▶ **What is needed**:
All entries below must be output word for word, and the pictures left behind.

▶ **Data extract**:
____

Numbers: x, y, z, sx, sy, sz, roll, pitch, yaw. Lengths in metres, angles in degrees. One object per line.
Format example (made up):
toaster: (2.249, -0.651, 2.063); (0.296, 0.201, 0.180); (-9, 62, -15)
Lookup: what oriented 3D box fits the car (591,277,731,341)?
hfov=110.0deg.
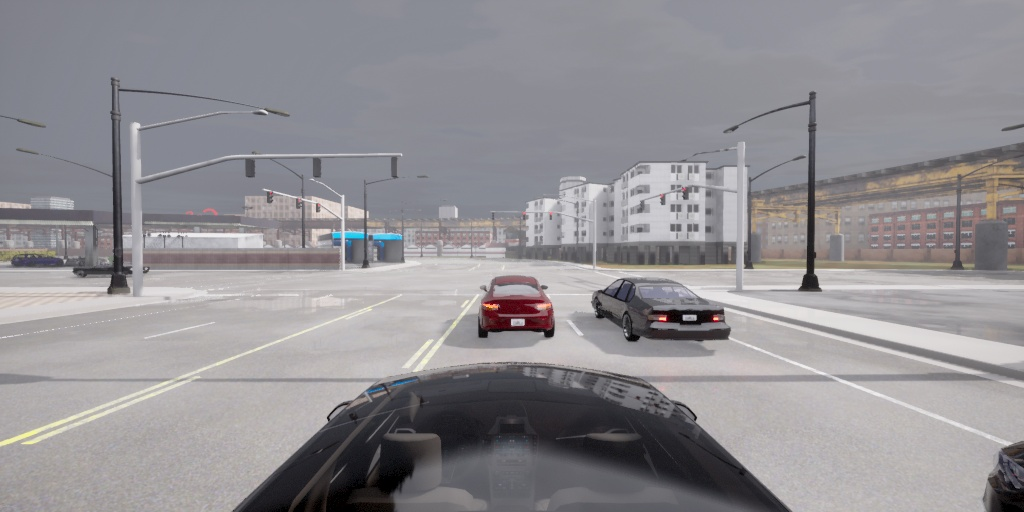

____

▶ **Output**:
Numbers: x, y, z, sx, sy, sz, roll, pitch, yaw. Lengths in metres, angles in degrees. One object per line.
Format example (made up):
toaster: (2.249, -0.651, 2.063); (0.296, 0.201, 0.180); (-9, 62, -15)
Lookup: what oriented 3D box fits the car (591,277,731,341)?
hfov=110.0deg.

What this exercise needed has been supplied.